Catalog

Catalog()

A git-backed registry for versioned build artifacts.

A catalog is a git repository containing serialized xorq expressions as content-addressed zip archives. When backed by git-annex, cloning downloads only metadata and artifact content is fetched on demand. A plain-git backend stores archives as regular blobs.

Construct via the classmethods from_name, from_repo_path, from_default, clone_from, or the dispatch helper from_kwargs.

Attributes

Name Description
remote_config The resolved remote config, or None.

Methods

Name Description
add Add a build to the catalog.
add_alias Create an alias pointing at entry name. Overwrites if the alias already exists.
assert_consistency Verify that catalog.yaml, entries, metadata, and aliases are all in agreement.
bind Bind a source entry through one or more transform entries.
clone_from Clone a catalog repo and optionally init git-annex.
contains Return True if an entry with name exists in the catalog.
embed_readonly Embed read-only credentials into the git-annex branch.
fetch Fetch from all git remotes (excludes annex-only special remotes).
fetch_entries Fetch annex content for the given entries in a single operation.
get_catalog_entry Look up a CatalogEntry by name. Raises if not found.
get_zip Export an entry’s archive to dir_path (default: cwd). Returns the output path.
list Return the list of entry names in the catalog.
list_aliases Return the list of alias names in the catalog.
load Return a tagged RemoteTable expression for a catalog entry (by hash or alias).
pull Pull from all git remotes.
push Push to all git remotes after verifying consistency.
remove Remove an entry (and its aliases) from the catalog by name.
set_remote_config Update the git-annex special remote configuration.
sync Pull then push — shorthand for a full round-trip synchronization.

add

add(obj, sync=True, aliases=(), exist_ok=False)

Add a build to the catalog.

obj may be a Path to a zip archive, a Path to a build directory, or an xorq Expr. Returns the created CatalogEntry.

add_alias

add_alias(name, alias, sync=True)

Create an alias pointing at entry name. Overwrites if the alias already exists.

assert_consistency

assert_consistency()

Verify that catalog.yaml, entries, metadata, and aliases are all in agreement.

bind

bind(source_entry, *transforms, con=None)

Bind a source entry through one or more transform entries.

clone_from

clone_from(
    url,
    repo_path=None,
    check_consistency=True,
    annex=None,
    git_config=None,
    **remote_kwargs,
)

Clone a catalog repo and optionally init git-annex.

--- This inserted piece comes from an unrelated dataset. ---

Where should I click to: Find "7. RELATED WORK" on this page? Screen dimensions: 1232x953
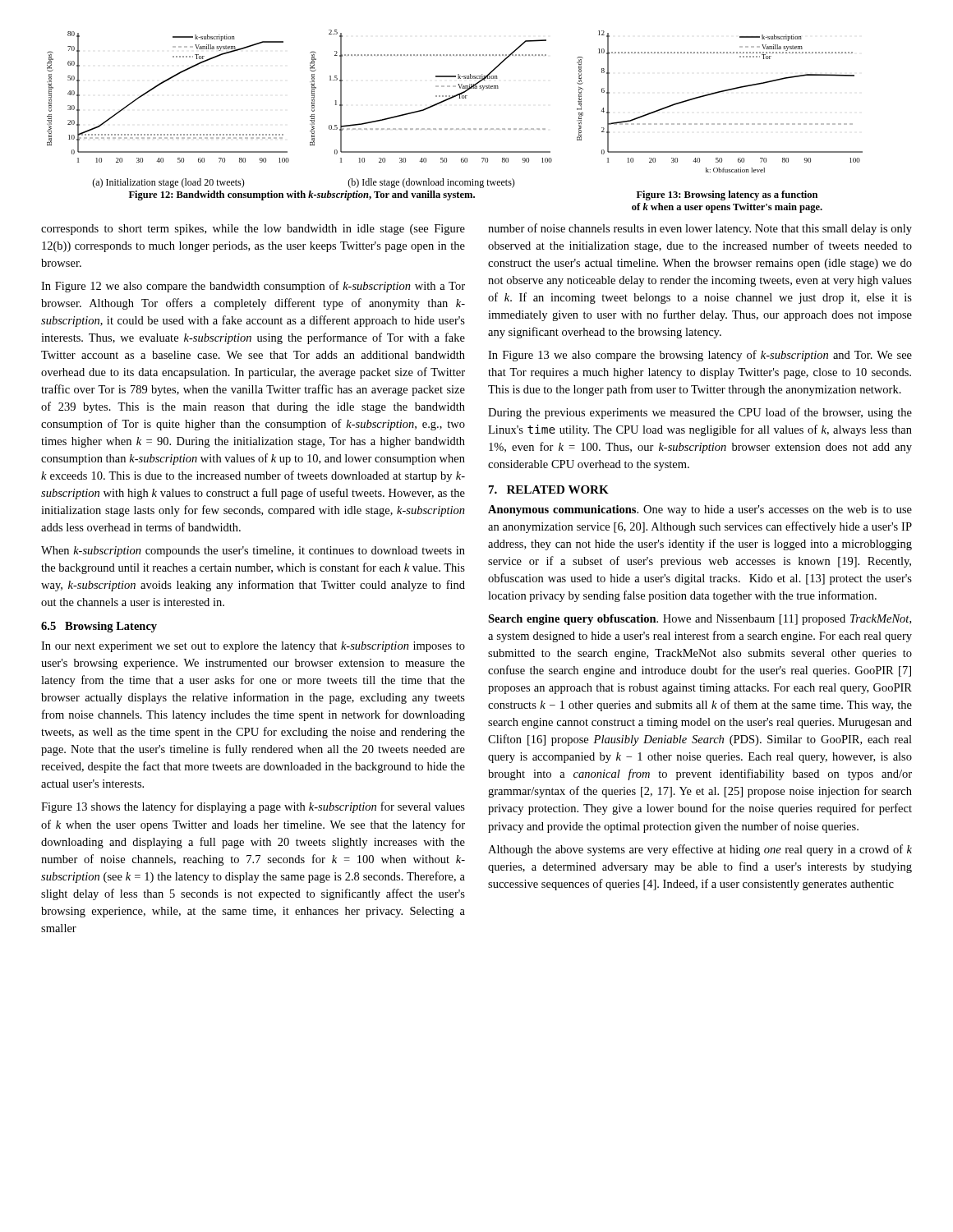click(x=548, y=490)

annex controls the backend:

  • None (default) — auto-detect. If the cloned repo has a git-annex branch, git-annex is initialised and the remote is enabled when credentials are available (embedded, env vars, or remote_kwargs). Otherwise falls back to plain git.
  • False — force plain git, even if the repo has a git-annex branch.
  • Any AnnexConfig instance — git-annex is initialised and the remote is enabled if remote.log has a special remote configured.

Content is not fetched eagerly; it is retrieved on demand when entry.expr is accessed (via fetch_content). For S3 remotes without embedded credentials, the caller can supply credentials via remote_kwargs or environment variables (XORQ_CATALOG_S3_*).

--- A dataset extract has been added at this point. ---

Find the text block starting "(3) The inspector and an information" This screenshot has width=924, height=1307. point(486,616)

Use git_config to set repo-local git config before annex init (e.g. {"annex.security.allowed-ip-addresses": "all"}).

contains

contains(name)

Return True if an entry with name exists in the catalog.

embed_readonly

embed_readonly(readonly_config)

Embed read-only credentials into the git-annex branch.

Verifies that readonly_config cannot write to the bucket, then sets embedcreds=yes and writes the config to remote.log.

Raises ValueError if the credentials have write access.

fetch

fetch()

Fetch from all git remotes (excludes annex-only special remotes).

fetch_entries

fetch_entries(*entries)

Fetch annex content for the given entries in a single operation.

Each element can be a CatalogEntry or a string (entry name). No-op for plain-git backends.

get_catalog_entry

get_catalog_entry(name, maybe_alias=False)

Look up a CatalogEntry by name. Raises if not found.

get_zip

get_zip(name, dir_path=None)

Export an entry’s archive to dir_path (default: cwd). Returns the output path.

list

list()

Return the list of entry names in the catalog.

list_aliases

list_aliases()

Return the list of alias names in the catalog.

load

load(name_or_alias, con=None)

Return a tagged RemoteTable expression for a catalog entry (by hash or alias).

pull

pull()

Pull from all git remotes.

push

push()

Push to all git remotes after verifying consistency.

remove

remove(name, sync=True)

Remove an entry (and its aliases) from the catalog by name.

set_remote_config

set_remote_config(remote_config)

Update the git-annex special remote configuration.

Calls enableremote to write the config to remote.log on the git-annex branch. Use catalog.remote_config to read it back.

sync

sync()

Pull then push — shorthand for a full round-trip synchronization.